Day 5 - Determining a Date (Part 1)

 20 And God said, “Let the water teem with living creatures, and let birds fly above the earth across the expanse of the sky.” 21 So God created the great creatures of the sea and every living and moving thing with which the water teems, according to their kinds, and every winged bird according to its kind. And God saw that it was good. 22 God blessed them and said, “Be fruitful and increase in number and fill the water in the seas, and let the birds increase on the earth.” 23 And there was evening, and there was morning—the fifth day. — Genesis 1:20-23

Day 5 was not straightforward to date.  As described in A Geo-Creationist View of Genesis 1, the first 4 days occurred during the following time periods:

Day 1 - Ended 3.9 billion years ago, when meteor strikes ceased, allowing an atmosphere to form.  There was torrential rain.
Day 2 - Less than 3.9 billion years ago, when torrential rains ended, leaving an ocean-covered earth, and clouds.
Day 3 - 3.8 to 3.85 billion years ago, when plate tectonics created land, and plant-life transitioned from sea to land.  During this time, there was an atmospheric haze forming. CO2 was a primary component.
Day 4 - 2.3 to 1.9 billion years ago, when there were enough plants to start clearing up the haze, allowing the sun, moon, and stars to be seen clearly from the earth.

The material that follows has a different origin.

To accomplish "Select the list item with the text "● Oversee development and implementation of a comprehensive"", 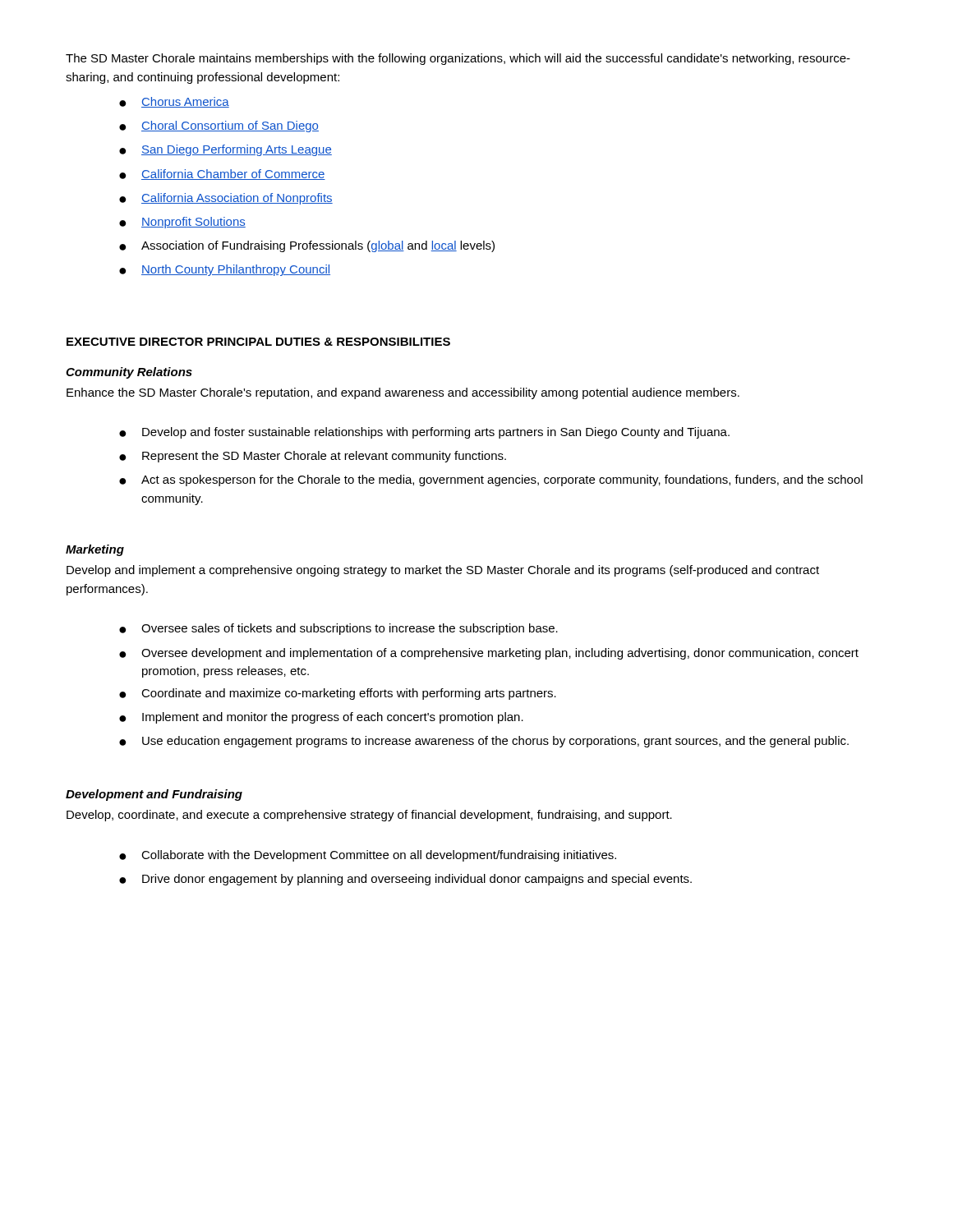I will pyautogui.click(x=503, y=662).
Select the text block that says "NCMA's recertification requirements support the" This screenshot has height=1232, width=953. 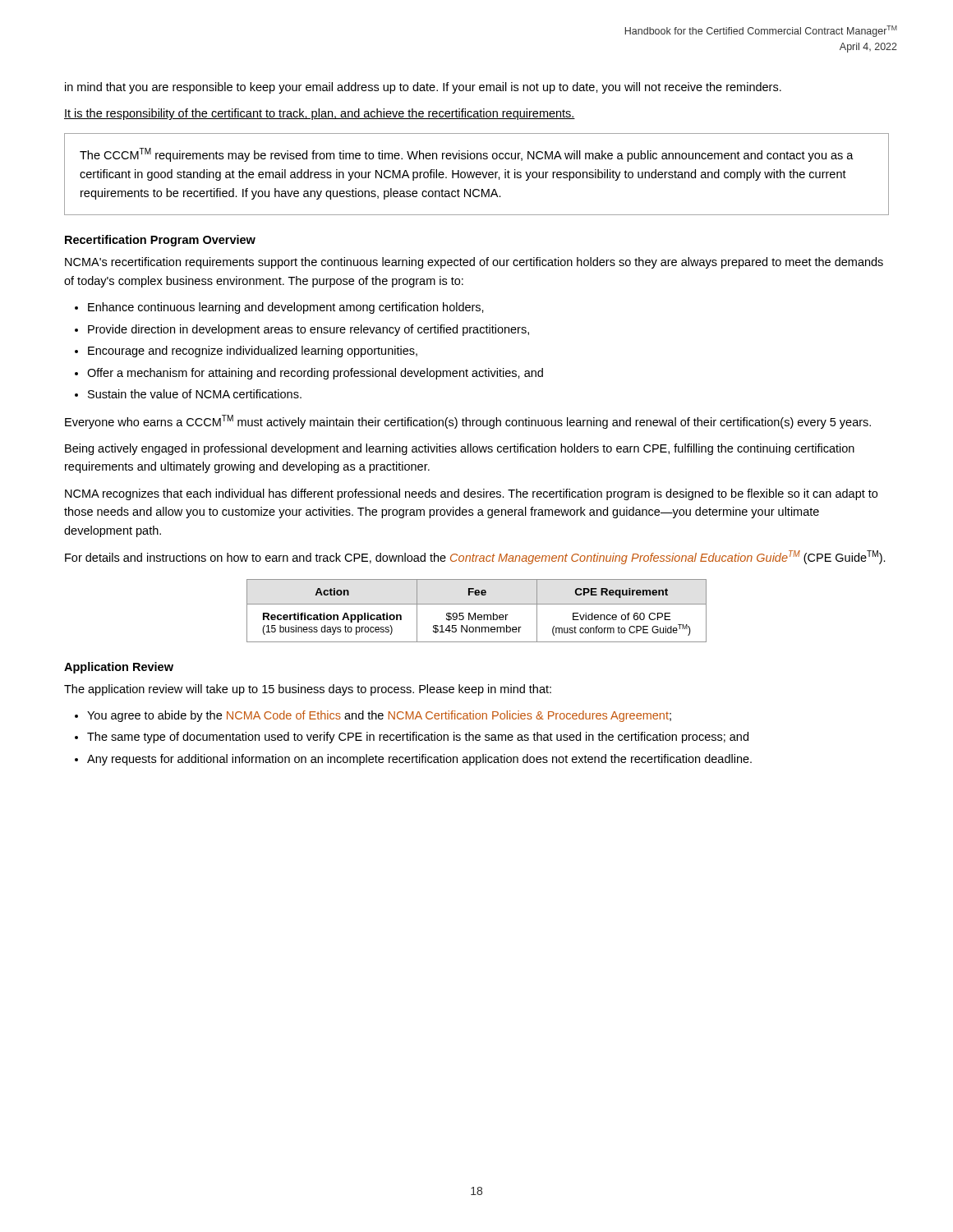[476, 272]
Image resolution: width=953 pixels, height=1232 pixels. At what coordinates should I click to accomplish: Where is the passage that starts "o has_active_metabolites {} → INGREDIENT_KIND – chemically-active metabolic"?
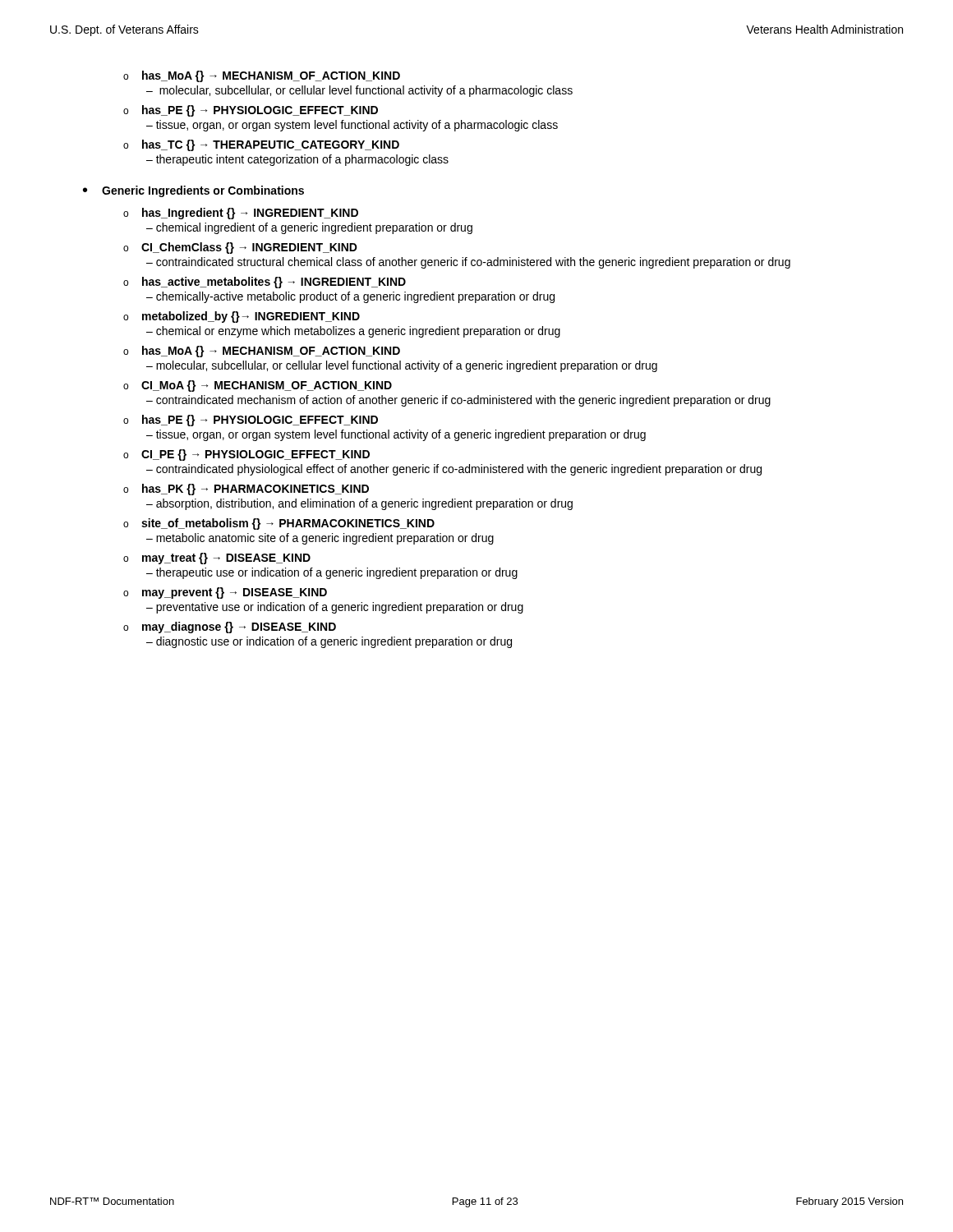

Until this point, the natural sequence of earth’s development nicely maps to the Genesis 1 account.  You would think then that Day 5 would easily follow suite, but it does not.  You would think that just as Day 3 removed the hindrances to the first appearance of plants, that Day 5 would remove the hindrances to the first appearance of animals.  To be specific, it would remove the hindrance to sea life and birds.  But frankly, those hindrances were removed when plant life first appeared, providing the beginnings of an oceanic ecosystem before Day 3 was over.

So let us take another approach.  Looking closer to the end of Day 4, we see another milestone for sea life and birds… the appearance of multi-celled oxygen-consuming life.  So, might Day 5 date to around that time?  Well, if it does then Day 6 dates to then, too.  This implies an overlap between Days 5 and 6, which contradicts the scripture. 

Let us try again, but this time looking further ahead, to the actual appearance of fish and birds.  Hmmmm.  It likes we do no better… Days 5 and 6 still overlap.  In fact, combining The Evolution of Mammals and a PBS article entitled Birds Arrived Comparatively Late (hint, hint), the overlap looks something like this:

  • 510 million years ago –> fish
  • 400 million years ago –> insects
  • 285 million years ago –> mammal-like reptiles
  • 245 million years ago –> most life wiped out… dinosaurs began
  • 225 million years ago –> mammals
  • 150 million years ago –> birds

Now, one attempt at dealing with this is to include insects as part of Day 5.  This approach doesn’t work however, because birds did not evolve from insects.  Therefore, Day 5 would still have to extend long enough to include the appearance of birds.  This would be acceptable to many Day-Age Theorists (including Progressive Creationists), but it just is not scriptural.  Genesis 1 is pretty clear that Days 5 and 6 do not overlap.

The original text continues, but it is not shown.